Thinking about buying a car? Try calling an exterminator.
Truly Nolen Pest Control's trademark "Mouse Cars" are a ubiquitous sight in the Old Pueblo, as are the company's vintage automobiles, which pop up in parking lots and car shows across the city.
But it's not just smart advertising. They're also for sale.
Truly Nolen, which has its corporate headquarters in Tucson, sells off its fleet vehicles when the company is through with them. The company does an even bigger side business buying and selling those trademark antique cars.
It might be an offbeat way to diversify for a business in the bug-zapping industry, but company executives say Truly Nolen is identified as much with its oddball fleet as it is pest control.
"When I tell people I work for Truly Nolen, the first thing people ask is about our cars. The next question is usually about the antiques," said Michelle Nolen Senner, the company's head of marketing and advertising.
People are also reading…
The "Mouse Cars" themselves are not for sale in their mousy incarnation, but retired vehicles can be purchased - repainted and ears removed - from the "Buy Cars" section of the company website.

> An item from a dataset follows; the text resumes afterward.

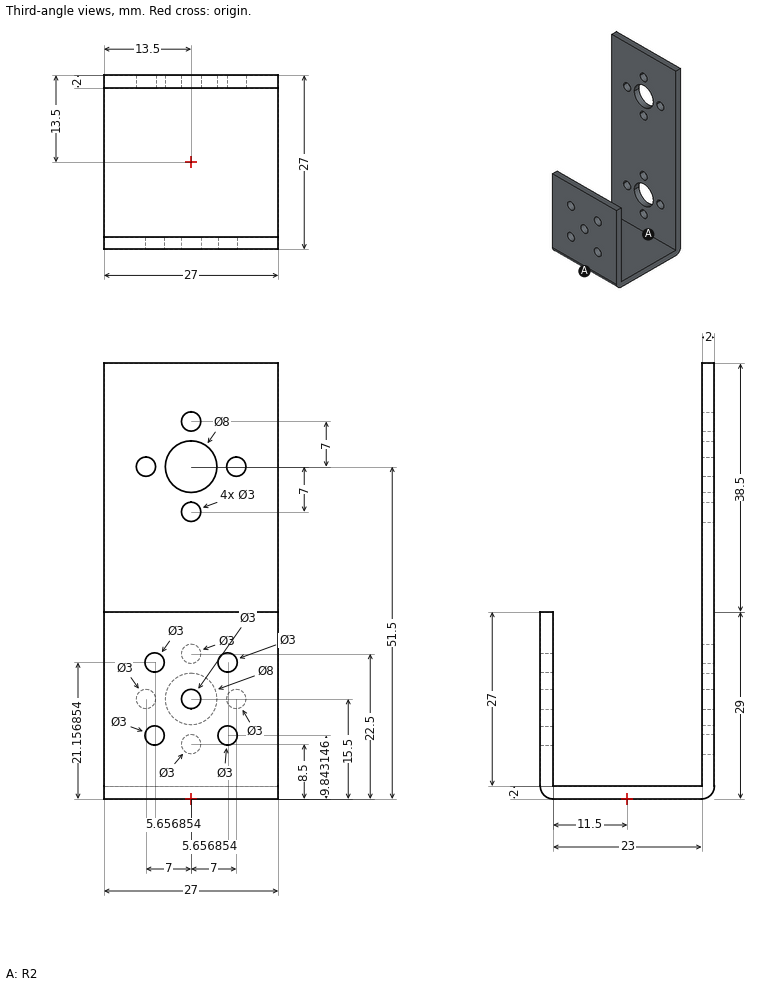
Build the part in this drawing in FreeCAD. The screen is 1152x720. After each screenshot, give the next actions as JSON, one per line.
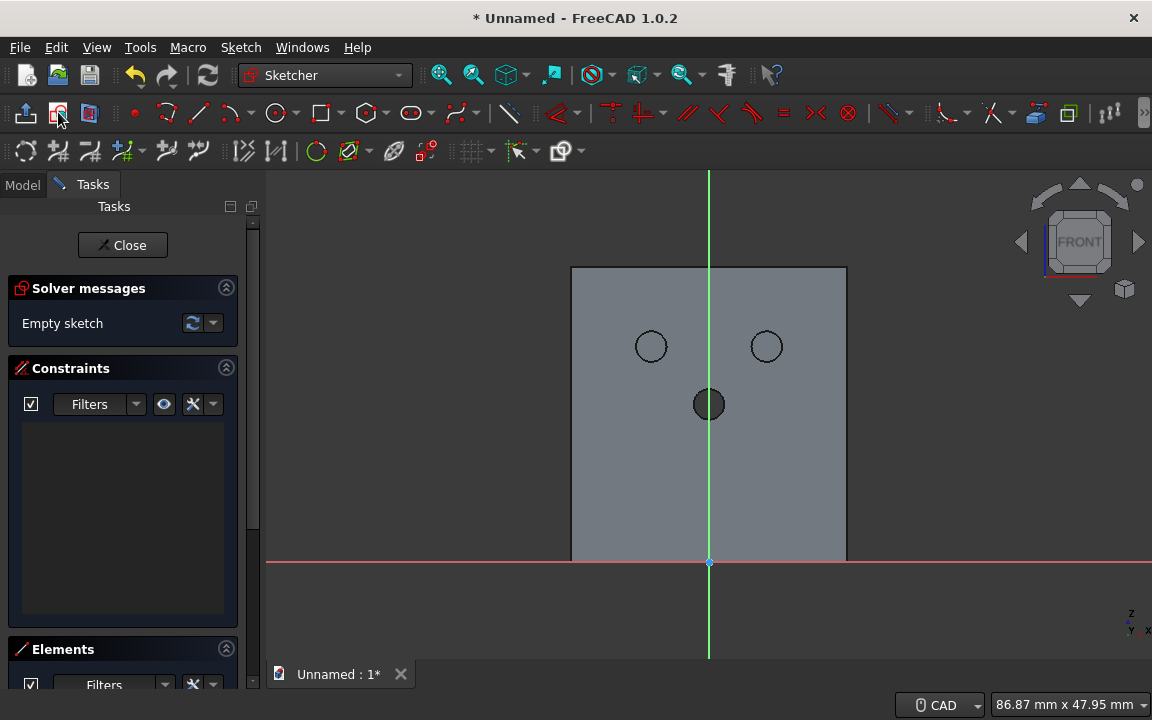
{"action": "scroll", "coordinate": [779, 467], "scroll_direction": "up", "scroll_amount": 12}

Most purchasers buy them for the parts, Senner said.
But the bulk of Truly Nolen's auto business is done in antique cars. The company owns about 300 classic cars nationwide, including about 40 in Tucson.
The collection itself fluctuates as cars are bought and sold. The company is constantly getting inquiries from people wanting to buy from its collection, as well as people hoping to sell their own classic cars to Truly Nolen, Senner said.
Truly Nolen sells about 20 antiques per year, she said.
The company also maintains its own garage to keep the cars in parade shape.
Ron Pratt, who cleans and details the cars, and keeps them rotating between locations across town, said he gets a lot of questions about Truly Nolen's collection.
"It happens all the time," Pratt said. "I'll stop to get fuel and people will start snapping pictures and be wanting to talk."
The same goes for driving the cars across town. They get a lot of attention.
"People see these cars on the corner, but when you drive past them they're like 'Wow'!" he said. "I think a lot of people think they don't have motors in them."
Company lore says the antiques collection started by accident. Truly Nolen, the company's namesake, and his wife drove older cars when the company was first starting out and, because advertising was tight, Nolen painted every car he owned with the company's name and number.
After leaving one of his cars broken down in a mechanic's parking lot for several days, Nolen realized the car was a billboard no matter where it was sitting. People were calling in, saying they'd seen the car from the road.
So after the business started turning more of a profit, Nolen began acquiring genuine antiques for advertising. Nolen, who lives in Florida, still handles the antiques sales and negotiates the prices himself, Senner said.
"We've been doing this a long time," she said.